We know that if $ax^2+bx+c=0$ with $a\ne0$, then the solution(s) can be given by the quadratic formula $x=\frac{-b \pm \sqrt{b^2-4ac}}{2a}$.
But what if we want to solve a quadratic inequality such as $ax^2+bx+c>0$?
First, if $ax^2+bx+c$ can be factored into $(x+p)(x+q)$, then we have $(x+p)(x+q)>0$, so we know:
- Both $(x+p)$ and $(x+q)$ are positive; or,
- Both $(x+p)$ and $(x+q)$ are negative.
For the first case, we have $(x+p)>0$ and $(x+q)>0$, which simplify to $x>-p$ and $x>-q$, which is just $x>\max\{-p,-q\}$.
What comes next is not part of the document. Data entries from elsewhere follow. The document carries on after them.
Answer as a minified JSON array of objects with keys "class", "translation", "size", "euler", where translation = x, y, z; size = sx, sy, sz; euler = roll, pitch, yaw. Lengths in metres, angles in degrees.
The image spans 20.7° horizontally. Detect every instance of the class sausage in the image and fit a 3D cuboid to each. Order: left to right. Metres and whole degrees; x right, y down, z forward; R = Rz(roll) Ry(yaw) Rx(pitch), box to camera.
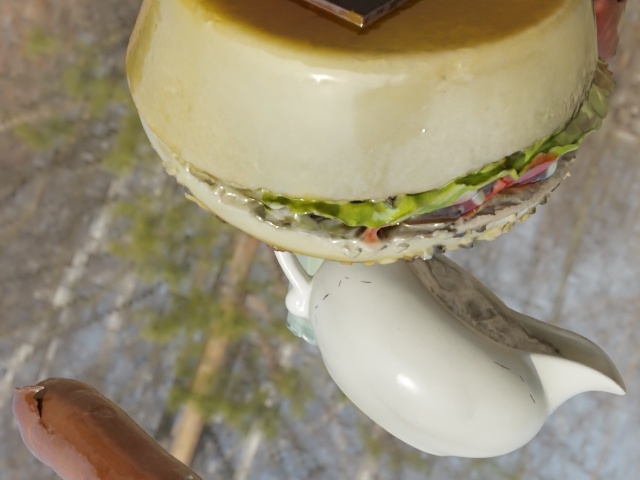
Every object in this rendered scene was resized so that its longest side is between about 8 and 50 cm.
[{"class":"sausage","translation":[-0.144,0.239,1.556],"size":[0.094,0.094,0.419],"euler":[-25,-141,-28]}]

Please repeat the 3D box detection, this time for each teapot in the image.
[{"class":"teapot","translation":[0.080,0.060,1.358],"size":[0.299,0.166,0.208],"euler":[45,-154,-11]}]

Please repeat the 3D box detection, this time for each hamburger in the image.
[{"class":"hamburger","translation":[0.028,-0.109,1.071],"size":[0.300,0.176,0.300],"euler":[2,-138,-2]}]

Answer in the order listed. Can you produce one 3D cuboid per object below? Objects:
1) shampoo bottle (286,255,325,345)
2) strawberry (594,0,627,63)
[{"class":"shampoo bottle","translation":[0.000,0.000,1.476],"size":[0.049,0.212,0.072],"euler":[8,-134,3]},{"class":"strawberry","translation":[0.140,-0.276,1.419],"size":[0.317,0.345,0.295],"euler":[26,-173,-20]}]

For the second case, we have (x+p)<0 and (x+q)<0, which simplify to x<-p and x<-q, which is just x<\min\{-p,-q\}.
So the final answer is just x\in\{x:x>\max\{-p,-q\}\text{ or }x<\min\{-p,-q\}\}.
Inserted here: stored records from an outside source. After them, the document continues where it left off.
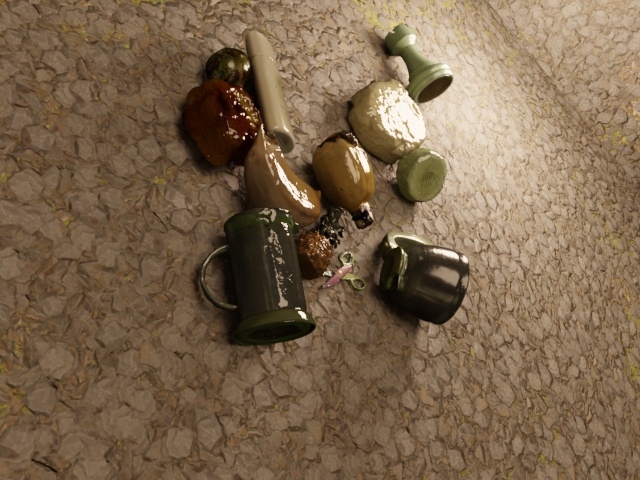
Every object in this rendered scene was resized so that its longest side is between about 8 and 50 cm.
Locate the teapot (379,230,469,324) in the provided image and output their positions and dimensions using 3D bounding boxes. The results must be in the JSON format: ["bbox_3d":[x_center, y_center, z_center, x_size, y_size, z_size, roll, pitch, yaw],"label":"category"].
[{"bbox_3d":[0.311,0.079,1.892,0.240,0.239,0.321,21,59,-15],"label":"teapot"}]

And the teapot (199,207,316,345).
[{"bbox_3d":[-0.165,0.081,1.525,0.271,0.200,0.336,-5,67,-14],"label":"teapot"}]

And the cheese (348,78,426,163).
[{"bbox_3d":[0.242,-0.440,2.194,0.318,0.115,0.326,21,54,-31],"label":"cheese"}]

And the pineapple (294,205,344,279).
[{"bbox_3d":[-0.001,0.000,1.740,0.128,0.128,0.248,46,45,-11],"label":"pineapple"}]

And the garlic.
[{"bbox_3d":[-0.124,-0.161,1.660,0.338,0.151,0.196,50,46,-35],"label":"garlic"}]

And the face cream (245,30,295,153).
[{"bbox_3d":[-0.154,-0.448,1.849,0.173,0.081,0.348,52,24,-69],"label":"face cream"}]

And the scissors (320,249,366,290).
[{"bbox_3d":[0.054,0.099,1.805,0.187,0.020,0.133,-12,72,-45],"label":"scissors"}]

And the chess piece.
[{"bbox_3d":[0.375,-0.710,2.417,0.195,0.194,0.299,-14,68,-44],"label":"chess piece"}]

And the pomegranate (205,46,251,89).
[{"bbox_3d":[-0.257,-0.486,1.782,0.163,0.126,0.138,56,34,-3],"label":"pomegranate"}]

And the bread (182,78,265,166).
[{"bbox_3d":[-0.260,-0.328,1.688,0.232,0.135,0.246,-7,70,-56],"label":"bread"}]

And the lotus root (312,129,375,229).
[{"bbox_3d":[0.085,-0.181,1.881,0.183,0.183,0.309,-19,83,-45],"label":"lotus root"}]

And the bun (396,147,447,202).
[{"bbox_3d":[0.350,-0.232,2.149,0.196,0.118,0.195,-11,115,-25],"label":"bun"}]

Next suppose $\sqrt{b^2-4ac}$ is imaginary. Then we have two cases:
- $a>0$ so that the graph of $f(x)=ax^2+bx+c$ is completely above the $x$-axis. Then all real numbers are solutions to $ax^2+bx+c>0$.
- a<0 so that the graph of $f(x)=ax^2+bx+c$ is completely below the $x$-axis. Then no real number is a solution.
Now suppose $ax^2+bx+c$ does not factor. Then "force-factor" using the quadratic equation into $(x-\frac{-b + \sqrt{b^2-4ac}}{2a})$ and $(x-\frac{-b - \sqrt{b^2-4ac}}{2a})$ and repeat the steps above. Another way to think about this: since we are guaranteed that $\sqrt{b^2-4ac}$ is real (we took care of the imaginary cases already), we can divide the real number line into three intervals: $(-\infty,\frac{-b - \sqrt{b^2-4ac}}{2a})$, $(\frac{-b - \sqrt{b^2-4ac}}{2a},\frac{-b + \sqrt{b^2-4ac}}{2a})$, and $(\frac{-b + \sqrt{b^2-4ac}}{2a},+\infty)$ (or the other way round if a<0). Then check some number in each interval, and if that number is greater than $0$, then include that entire interval in the final answer. Otherwise don't include it. We can also do this by taking the outer two intervals when $a>0$ and taking the middle interval when a<0 (I think).
Questions: (1) Is this approach correct? (2) If so, is there a more efficient way to do it, i.e., how might one go about programming an algorithm for this type of problem?